23/03/2009 - 08h05
Banco deve indenizar por assalto a cofre de aluguel
A Quarta Turma do Superior Tribunal de Justiça (STJ) manteve a decisão que condenou o Banco Citibank S/A ao pagamento de indenização por danos morais a clientes que tiveram seus pertences roubados de cofre mantido em sua agência.
Os ministros da Turma seguiram o
entendimento do relator, ministro João Otávio de Noronha, de que é de
responsabilidade da instituição financeira a subtração fraudulenta dos
conteúdos dos cofres que mantém sob sua guarda, independentemente da natureza
jurídica do contrato ajustado – se de mero depósito ou de locação ou de
contrato misto, formado pelos dois anteriores.
“Trata-se do risco profissional, segundo o qual deve o banco arcar com o ônus
de seu exercício profissional, de modo a responder pelos danos causados a
clientes e terceiros, pois são decorrentes da prática comercial
lucrativa.Assim, se a instituição financeira obtém lucros com a prática que
desenvolve, deve, de outra parte, assumir os riscos a ela inerentes”,
assinalou o relator.
No caso, os autores da ação locaram um dos cofres mantidos em uma agência do
Citibank para a guarda de objetos e valores. Ocorreu que a agência foi
assaltada por meliantes e, após arrombarem grande parte dos cofres de aluguel,
entre eles o dos autores, levaram o que neles estava depositado.

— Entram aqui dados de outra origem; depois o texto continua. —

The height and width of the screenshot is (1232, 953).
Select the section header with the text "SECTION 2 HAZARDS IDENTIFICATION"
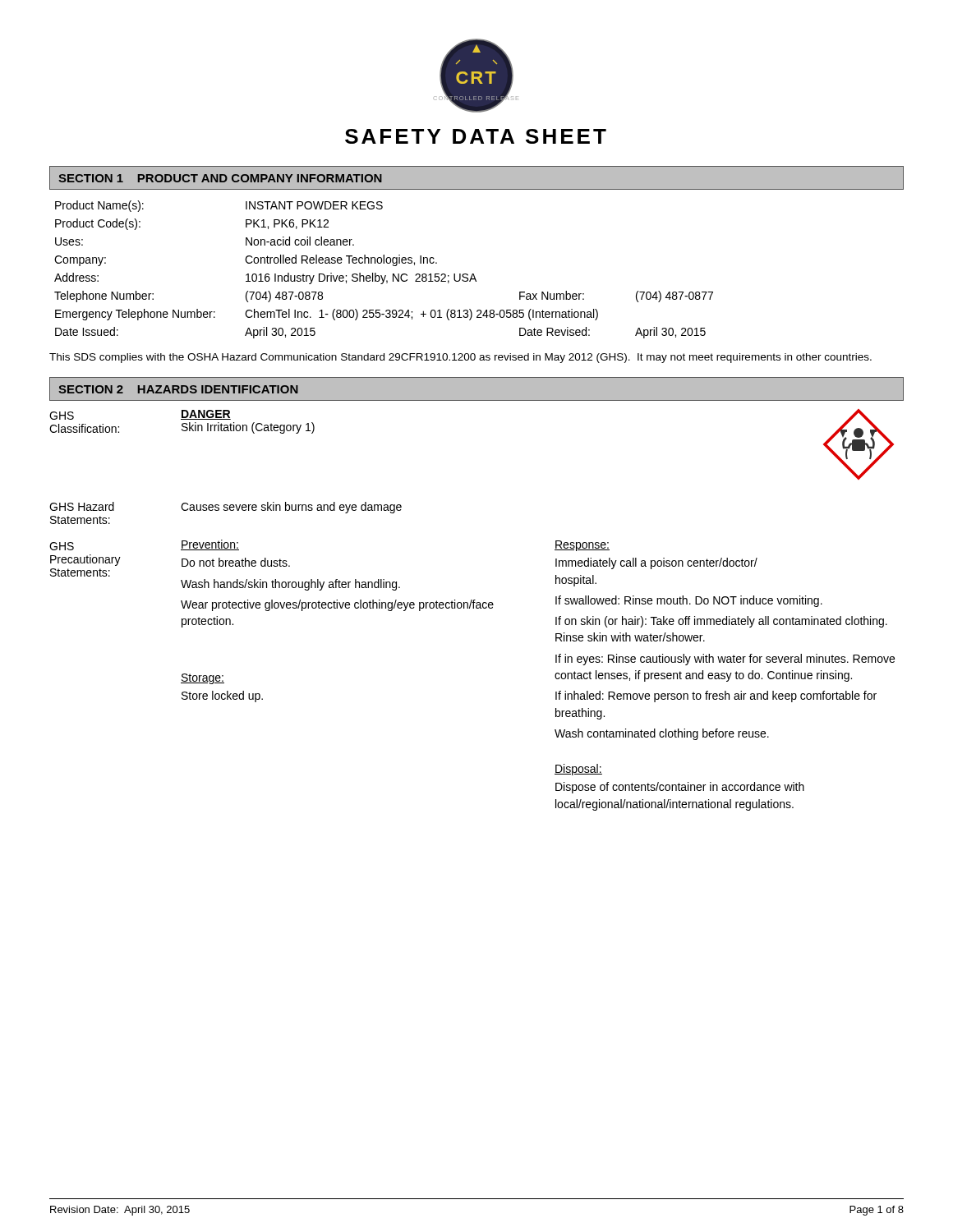[x=178, y=389]
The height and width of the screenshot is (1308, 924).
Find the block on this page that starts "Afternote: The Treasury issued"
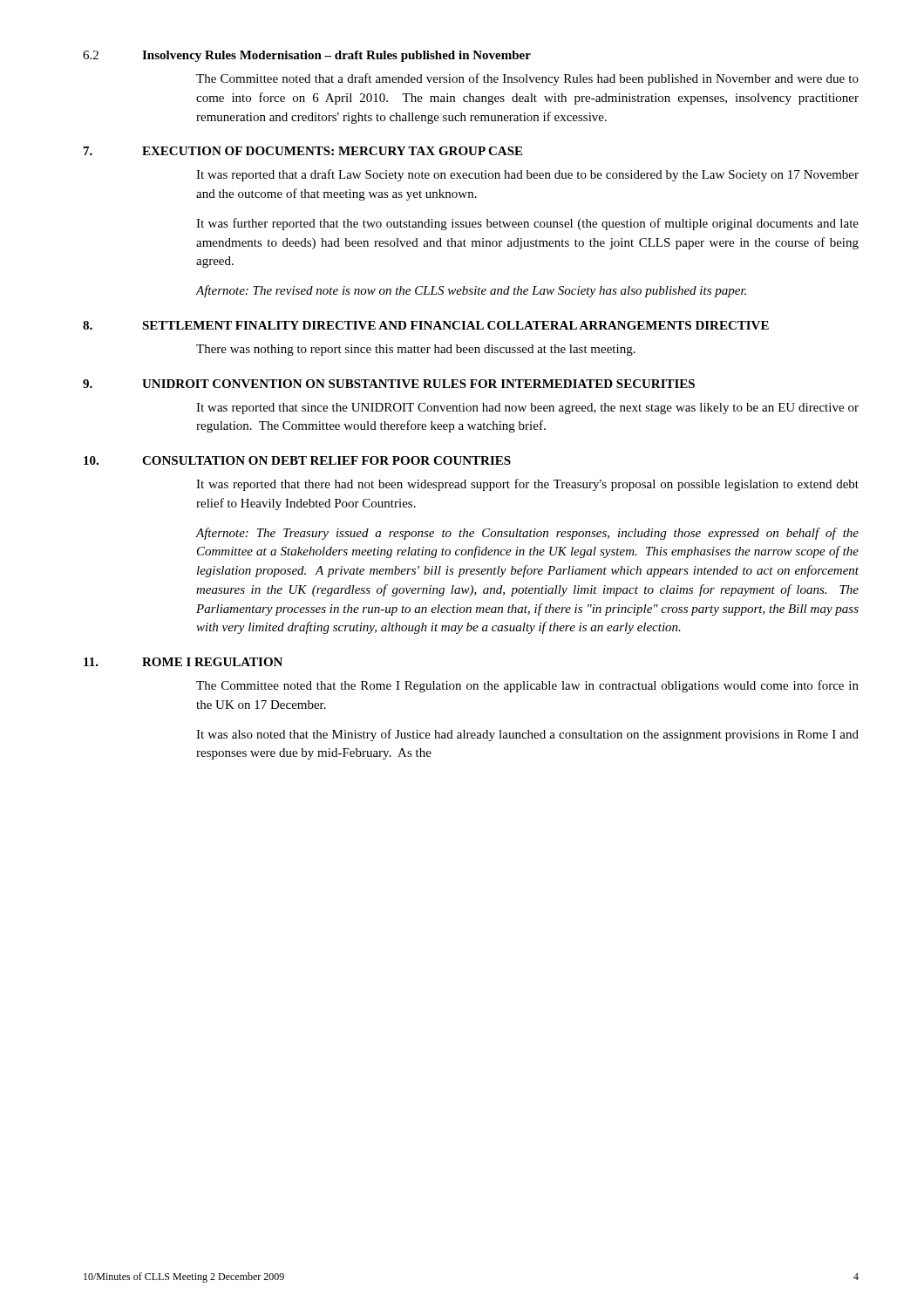(527, 580)
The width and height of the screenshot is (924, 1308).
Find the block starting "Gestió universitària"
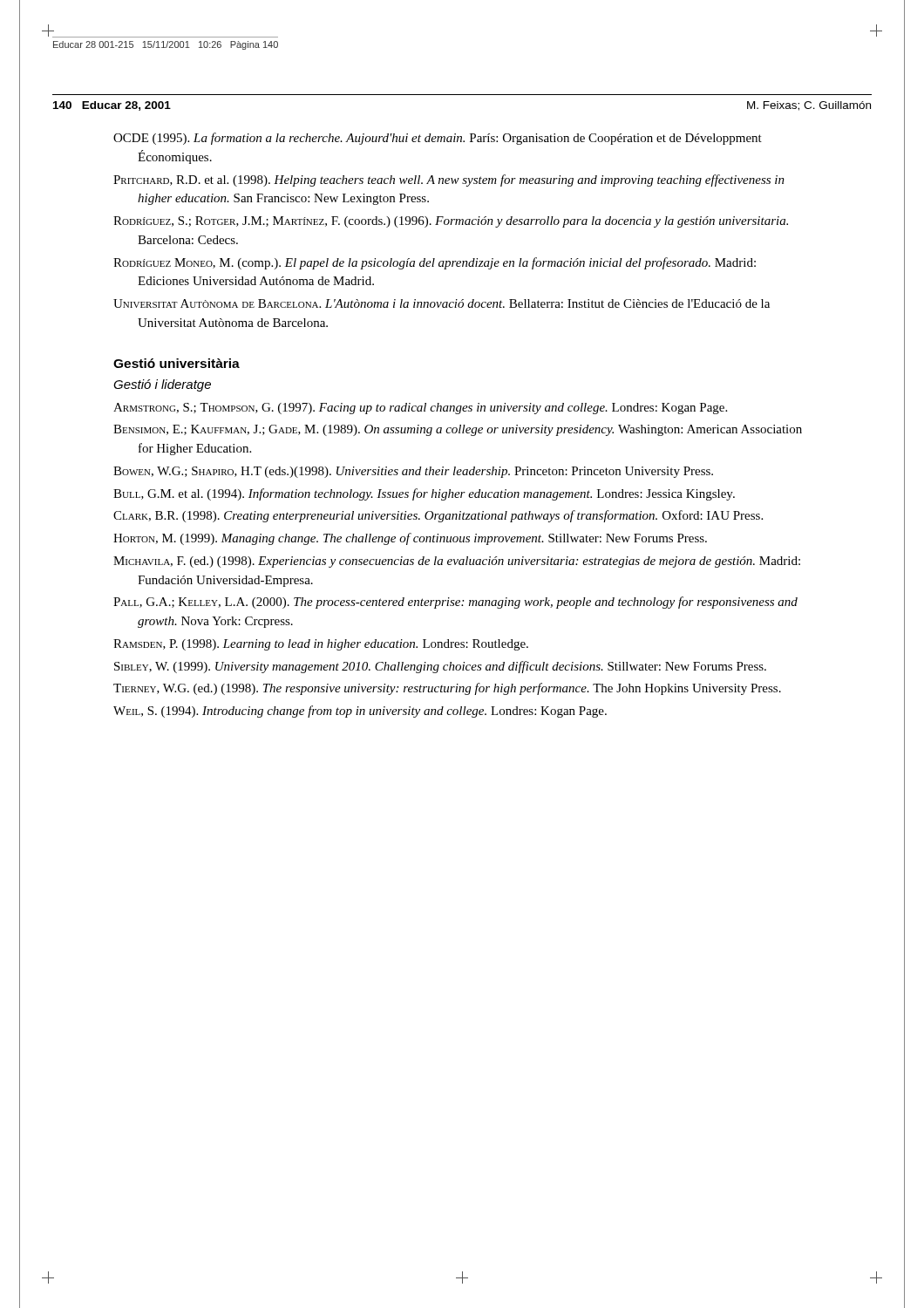click(176, 363)

Com base nisso, foi pedida indenização por danos morais e materiais. O
Tribunal de Justiça de Pernambuco afastou a indenização por danos morais ao
entendimento de que a ocorrência que levou ao abalo moral não poderia ser
atribuída a fato ocasionado pelo banco, mas por terceiros.
Quanto aos danos materiais, o Tribunal de Justiça reformou a sentença para
reduzir a indenização ao que efetivamente os autores lograram comprovar que
tinham depositado no cofre em questão.
Inconformado, o banco recorreu sustentando que não foi reconhecido que roubo
de cofre decorre de força maior, de modo que o banco não deve ser responsável
por nenhuma indenização. Alegou, ainda, que a excludente de responsabilidade
por ato de terceiro não seria aplicável ao caso, já que a responsabilidade por
roubo é inerente à natureza do contrato de locação de cofre.